Determine what freezes a server

lenainjaune · 04-16-2024, 05:24 PM

Sorry we missed your answer ...

Quote:

Originally Posted by TB0ne

1 - How, exactly, did you 'swap' things to a new machine, and what kind of machine did you swap TO? And it 100% could be hardware related, since (if you're just moving the hard drive), that IT is the problem.

2 - Errors will obviously show up BEFORE the crash...afterwards, it's showing normal boot/warning messages.

3 - If you have several servers, why is it a bad idea to put in a monitoring solution that can watch whatever you have now and whatever you ADD??

You're omitting a good bit:

4 -
What kind of hardware you're moving this hard drive to
5 -
What services are running on this server
6 -
Has anything changed/been modified/added to this server before this problem started?
7 -
How many users?
8 -
How much storage?
9 -
How much memory? (and have you tested THAT as well??)

There are loads of factors that can cause this, but you've not given us any error messages to work with.

1 - We have 2 machines identical, we just replaced the disk of the good machine by this of the supposed bad one and as we observed the same consequences we have deducted the problem was not hardware.
2 - You say there is some error messages which are missed and not added on logs afterwards ? In any case for the moment we will at least be able to see what is displayed on the screen before forcing the restart
3 - It is a good idea but this is no the priority of things ... but it is planned

; too we prefer to not install Nagios as it is very big for our needs (we tested netdata more lighter).
4 - see 1
5 - A degraded proprietary telephony IPBX server
6 - No, not that we know
7 - About 60 persons
8 - Less 100 GB
9 - 4 GB RAM

What we are looking for is to understand what is wrong. We lack method.

wpeckham · 04-16-2024, 05:32 PM

Instead of moving that drive to a different identical server, try taking a new drive of the same capacity and type, CLONE or image the old one onto the new one, and put THAT in the other machine. If it still freezes the same it is either a software issue or the new drive is faulty. (Which is very unlikely.)

IF it is software, and those logs are not giving you useful data, you might need to turn on better logging. Be warned, additional logging may degrade performance, but is the option most likely to give you useful "root cause" information.

lenainjaune · 04-19-2024, 07:54 AM

Quote:

Originally Posted by wpeckham

Instead of moving that drive to a different identical server, try taking a new drive of the same capacity and type, CLONE or image the old one onto the new one, and put THAT in the other machine. If it still freezes the same it is either a software issue or the new drive is faulty. (Which is very unlikely.)

Oh yes

! We completely missed this point thank you to remind us. We will clone it and test it !

Quote:

Originally Posted by wpeckham

IF it is software, and those logs are not giving you useful data, you might need to turn on better logging.
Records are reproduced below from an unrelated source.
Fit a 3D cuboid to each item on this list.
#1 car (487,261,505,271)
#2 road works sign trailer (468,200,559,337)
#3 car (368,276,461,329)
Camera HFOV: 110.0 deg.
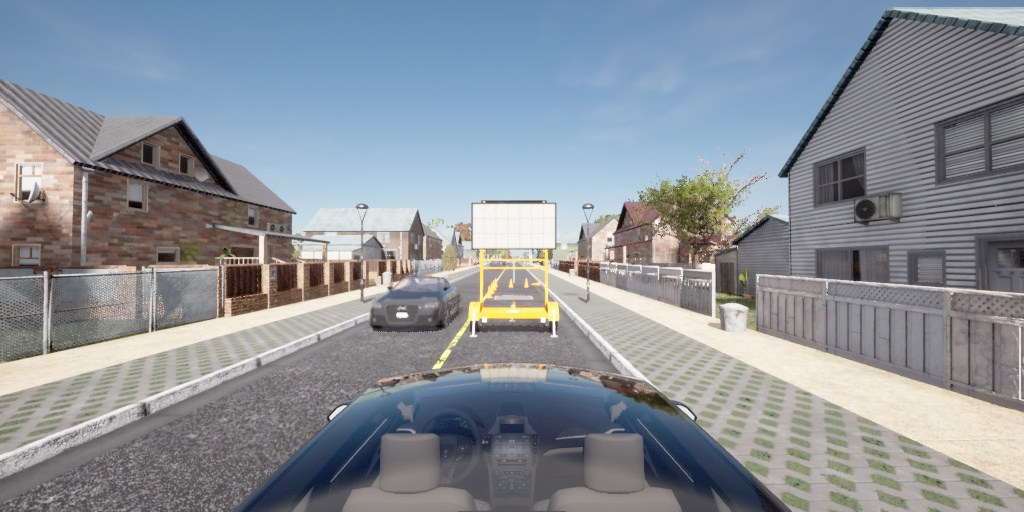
[{"bbox_3d":[-2.596,1.413,53.369,2.033,1.411,5.357,0,0,1],"label":"car"},{"bbox_3d":[0.057,0.220,10.260,2.380,3.560,2.880,0,0,1],"label":"road works sign trailer"},{"bbox_3d":[-2.801,1.320,11.153,1.994,1.385,4.181,0,0,0],"label":"car"}]
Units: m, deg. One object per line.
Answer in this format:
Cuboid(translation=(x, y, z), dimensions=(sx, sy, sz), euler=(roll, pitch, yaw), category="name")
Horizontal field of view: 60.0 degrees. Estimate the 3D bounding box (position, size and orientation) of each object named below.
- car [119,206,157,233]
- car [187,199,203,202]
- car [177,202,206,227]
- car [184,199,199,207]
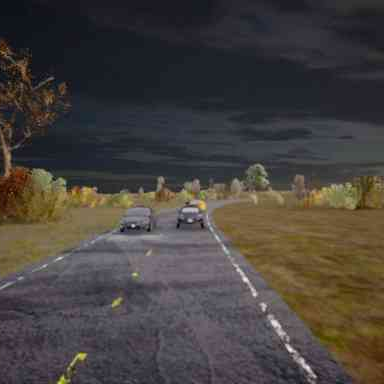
Cuboid(translation=(-3.274, 1.649, 20.973), dimensions=(1.837, 1.490, 4.892), euler=(0, 0, 0), category="car")
Cuboid(translation=(0.728, 1.779, 42.371), dimensions=(1.882, 1.535, 5.008), euler=(0, 0, 5), category="car")
Cuboid(translation=(-0.090, 1.696, 23.924), dimensions=(1.812, 1.442, 4.674), euler=(0, 0, 0), category="car")
Cuboid(translation=(-0.030, 2.030, 62.031), dimensions=(1.895, 1.301, 4.718), euler=(0, 0, 10), category="car")

Be warned, additional logging may degrade performance, but is the option most likely to give you useful "root cause" information.

Yes that is exactly what we want but we do not know how to activate it ? Yes we are aware that this will degrade the performances but we will test it temporarily to see what happens.

lenainjaune · 04-19-2024, 11:13 AM

Quote:

Originally Posted by lenainjaune

Oh yes

! We completely missed this point thank you to remind us. We will clone it and test it !

Cloned with clonezilla with success

! The system booted and the telephony works. Now we scan badblocks (smartctl has been yet tested with success while the system was running)

Too, as we must photography the screen when the system will freeze, have you a solution to prevent the monitor to go to sleep ?

We heard about setterm but it seems this does not working (or we do not apply correctly), nor in adding the apm=off to the grub config, nor BIOS setting relative.

wpeckham · 04-19-2024, 12:12 PM

Quote:

Originally Posted by lenainjaune

Cloned with clonezilla with success

! The system booted and the telephony works. Now we scan badblocks (smartctl has been yet tested with success while the system was running)

Too, as we must photography the screen when the system will freeze, have you a solution to prevent the monitor to go to sleep ?

We heard about setterm but it seems this does not working (or we do not apply correctly), nor in adding the apm=off to the grub config, nor BIOS setting relative.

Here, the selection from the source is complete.